On the one hand, they wouldn't have such an ethical quandary if they were paying on a loan for a $243,000 house that was now worth--all of a sudden, two years later--$540,000. That happened, too. But I didn't see anyone lining up at Countrywide, guilt-ridden to hand the bank a bunch of money because their asset was now worth 82% more than they paid for it 24 months ago, and all they did to "increase that value" was cook on the stove and crap in the toilet.
In that sense, it's just like any other investment.
Still, I can't easily argue with folks who say, "Hey, this is my family and our future here. I'm not going to pour bad money after questionable money into this house."
So while I'm long on opinions about all this, I'm regrettably short on answers of what to do.
It's a mess. It's a gut-wrenching mess. It's a seemingly hopeless mess.

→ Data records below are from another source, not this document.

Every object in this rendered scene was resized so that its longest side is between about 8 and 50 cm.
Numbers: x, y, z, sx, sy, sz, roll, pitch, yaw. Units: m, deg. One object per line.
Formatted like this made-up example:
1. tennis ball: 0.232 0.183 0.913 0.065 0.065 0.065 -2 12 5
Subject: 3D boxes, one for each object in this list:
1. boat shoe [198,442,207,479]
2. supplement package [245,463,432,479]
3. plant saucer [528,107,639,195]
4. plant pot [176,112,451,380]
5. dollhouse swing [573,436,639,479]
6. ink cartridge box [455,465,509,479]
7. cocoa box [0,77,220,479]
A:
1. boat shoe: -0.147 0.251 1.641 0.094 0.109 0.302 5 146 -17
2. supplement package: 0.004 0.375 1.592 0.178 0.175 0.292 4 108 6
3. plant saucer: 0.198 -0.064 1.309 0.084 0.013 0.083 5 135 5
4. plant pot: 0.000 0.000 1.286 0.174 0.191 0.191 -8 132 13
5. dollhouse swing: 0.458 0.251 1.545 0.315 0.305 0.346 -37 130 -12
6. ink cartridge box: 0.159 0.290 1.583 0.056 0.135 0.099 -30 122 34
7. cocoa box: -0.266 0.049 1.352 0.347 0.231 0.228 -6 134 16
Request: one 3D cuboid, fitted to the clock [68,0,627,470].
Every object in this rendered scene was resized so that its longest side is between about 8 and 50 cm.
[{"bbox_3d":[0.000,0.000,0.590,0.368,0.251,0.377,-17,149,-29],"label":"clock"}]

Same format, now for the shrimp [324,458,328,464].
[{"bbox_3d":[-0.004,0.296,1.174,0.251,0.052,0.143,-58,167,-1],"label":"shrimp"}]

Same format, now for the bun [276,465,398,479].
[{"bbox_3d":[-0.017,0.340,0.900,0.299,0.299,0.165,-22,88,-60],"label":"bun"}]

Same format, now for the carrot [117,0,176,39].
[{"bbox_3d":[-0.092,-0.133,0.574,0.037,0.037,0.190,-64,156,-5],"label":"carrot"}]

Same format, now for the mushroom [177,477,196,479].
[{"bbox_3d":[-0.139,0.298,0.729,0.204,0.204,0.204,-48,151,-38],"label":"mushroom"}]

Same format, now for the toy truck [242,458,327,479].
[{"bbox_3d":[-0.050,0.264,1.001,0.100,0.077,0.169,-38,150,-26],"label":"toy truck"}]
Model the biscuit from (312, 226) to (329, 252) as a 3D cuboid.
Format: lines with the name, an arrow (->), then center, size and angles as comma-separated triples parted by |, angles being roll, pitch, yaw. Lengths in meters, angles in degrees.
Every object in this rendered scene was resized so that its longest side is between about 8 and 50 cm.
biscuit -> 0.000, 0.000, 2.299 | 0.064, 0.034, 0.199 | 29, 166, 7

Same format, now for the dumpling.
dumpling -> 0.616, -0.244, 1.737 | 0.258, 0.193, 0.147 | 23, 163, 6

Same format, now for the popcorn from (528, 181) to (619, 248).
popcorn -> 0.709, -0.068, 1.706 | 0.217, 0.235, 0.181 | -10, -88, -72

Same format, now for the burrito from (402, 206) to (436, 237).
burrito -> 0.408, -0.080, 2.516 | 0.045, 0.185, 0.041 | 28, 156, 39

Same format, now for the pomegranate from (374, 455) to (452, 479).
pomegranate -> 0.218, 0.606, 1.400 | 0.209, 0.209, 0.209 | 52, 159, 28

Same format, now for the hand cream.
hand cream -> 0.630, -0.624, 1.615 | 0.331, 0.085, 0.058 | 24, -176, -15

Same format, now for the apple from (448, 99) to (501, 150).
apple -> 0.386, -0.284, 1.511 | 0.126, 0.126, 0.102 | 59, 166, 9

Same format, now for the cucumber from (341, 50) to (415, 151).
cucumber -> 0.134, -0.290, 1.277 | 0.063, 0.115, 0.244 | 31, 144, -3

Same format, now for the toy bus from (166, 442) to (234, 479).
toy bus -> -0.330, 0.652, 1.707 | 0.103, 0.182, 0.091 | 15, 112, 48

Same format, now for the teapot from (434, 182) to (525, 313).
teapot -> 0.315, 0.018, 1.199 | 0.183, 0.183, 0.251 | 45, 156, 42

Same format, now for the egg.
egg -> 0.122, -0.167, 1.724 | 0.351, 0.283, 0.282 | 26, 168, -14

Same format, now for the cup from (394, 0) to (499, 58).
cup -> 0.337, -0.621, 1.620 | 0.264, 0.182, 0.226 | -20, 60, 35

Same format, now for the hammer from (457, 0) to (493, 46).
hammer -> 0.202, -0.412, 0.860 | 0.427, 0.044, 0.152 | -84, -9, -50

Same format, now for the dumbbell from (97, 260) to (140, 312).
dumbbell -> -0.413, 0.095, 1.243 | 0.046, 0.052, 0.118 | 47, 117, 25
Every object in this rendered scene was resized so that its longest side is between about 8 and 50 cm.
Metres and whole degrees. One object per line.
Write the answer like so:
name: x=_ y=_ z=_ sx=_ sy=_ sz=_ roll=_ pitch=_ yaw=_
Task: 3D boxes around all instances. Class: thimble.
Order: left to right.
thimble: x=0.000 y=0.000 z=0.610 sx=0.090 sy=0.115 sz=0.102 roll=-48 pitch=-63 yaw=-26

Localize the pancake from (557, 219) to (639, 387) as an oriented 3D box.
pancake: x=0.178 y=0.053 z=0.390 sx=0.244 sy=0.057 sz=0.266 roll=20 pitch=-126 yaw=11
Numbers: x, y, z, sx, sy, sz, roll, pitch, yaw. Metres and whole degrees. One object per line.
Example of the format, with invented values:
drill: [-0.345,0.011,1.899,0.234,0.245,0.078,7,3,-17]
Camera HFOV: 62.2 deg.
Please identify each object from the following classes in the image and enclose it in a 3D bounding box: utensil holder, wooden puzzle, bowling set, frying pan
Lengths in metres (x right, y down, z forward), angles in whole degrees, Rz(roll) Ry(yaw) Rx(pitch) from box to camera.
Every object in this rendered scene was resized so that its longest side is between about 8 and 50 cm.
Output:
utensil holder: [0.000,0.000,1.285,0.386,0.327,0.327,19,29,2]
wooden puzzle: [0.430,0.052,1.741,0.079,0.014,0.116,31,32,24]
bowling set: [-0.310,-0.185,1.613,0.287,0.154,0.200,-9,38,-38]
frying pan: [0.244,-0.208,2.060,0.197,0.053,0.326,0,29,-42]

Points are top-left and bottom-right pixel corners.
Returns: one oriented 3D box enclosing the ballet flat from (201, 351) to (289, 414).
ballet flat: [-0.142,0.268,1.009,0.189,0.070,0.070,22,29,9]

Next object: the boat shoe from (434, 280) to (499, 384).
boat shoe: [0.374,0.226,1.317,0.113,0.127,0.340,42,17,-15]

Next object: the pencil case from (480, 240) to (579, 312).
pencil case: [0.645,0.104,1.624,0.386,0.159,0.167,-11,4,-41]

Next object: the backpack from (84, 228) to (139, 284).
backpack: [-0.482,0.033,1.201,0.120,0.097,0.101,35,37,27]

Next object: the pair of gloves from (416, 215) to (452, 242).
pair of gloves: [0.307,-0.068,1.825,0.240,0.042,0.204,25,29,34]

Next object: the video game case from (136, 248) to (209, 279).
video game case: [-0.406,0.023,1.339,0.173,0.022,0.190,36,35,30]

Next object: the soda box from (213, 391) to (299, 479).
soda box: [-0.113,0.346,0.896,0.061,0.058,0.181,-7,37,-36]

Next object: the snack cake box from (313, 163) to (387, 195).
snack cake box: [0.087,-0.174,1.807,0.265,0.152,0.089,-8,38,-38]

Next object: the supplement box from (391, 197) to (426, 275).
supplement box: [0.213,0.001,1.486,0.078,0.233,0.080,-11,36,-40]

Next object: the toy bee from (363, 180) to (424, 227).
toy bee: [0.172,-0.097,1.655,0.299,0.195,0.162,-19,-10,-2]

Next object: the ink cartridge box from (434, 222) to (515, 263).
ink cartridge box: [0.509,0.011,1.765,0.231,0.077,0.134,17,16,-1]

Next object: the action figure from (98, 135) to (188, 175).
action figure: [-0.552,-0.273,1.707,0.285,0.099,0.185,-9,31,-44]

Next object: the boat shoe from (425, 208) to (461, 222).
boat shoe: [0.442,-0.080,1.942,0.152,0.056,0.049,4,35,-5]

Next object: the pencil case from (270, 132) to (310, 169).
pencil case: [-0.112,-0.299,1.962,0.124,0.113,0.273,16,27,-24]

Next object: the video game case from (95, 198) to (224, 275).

Then again, my grandma was an immigrant widow at 30 with 4 kids during the Great Depression living in a redneck Oklahoma town where they still lynched blacks if they were out after dark (not the most cosmopolitan place for such a lady). Despite those hardships, Saleema Mahfood Adwan worked three jobs, clothed four kids and wouldn't take a penny of relief from anyone, neighbors, relatives or—of all things—the government. (see stage 2 above)
All her children rose up to honorable adulthood and she lived a rich, God-loving life of 96 years without a complaint. Hell, whatever life she carved out for herself here was better than what the Ottoman Turks would have ceded to her if she'd have stayed in Lebanon.
Okay, I've written 22 paragraphs (and 1,043 extra words) when that first paragraph would have answered your question. And besides that, I’ve veered into all sorts of unrelated minutiae which none of you asked for.
It's all opinion and observation by me. And in the end, I may be as crazy as a bag of rats.
But, the answer is yes, we’re a soiled market to say the least (which, I believe, was your original—and only—question).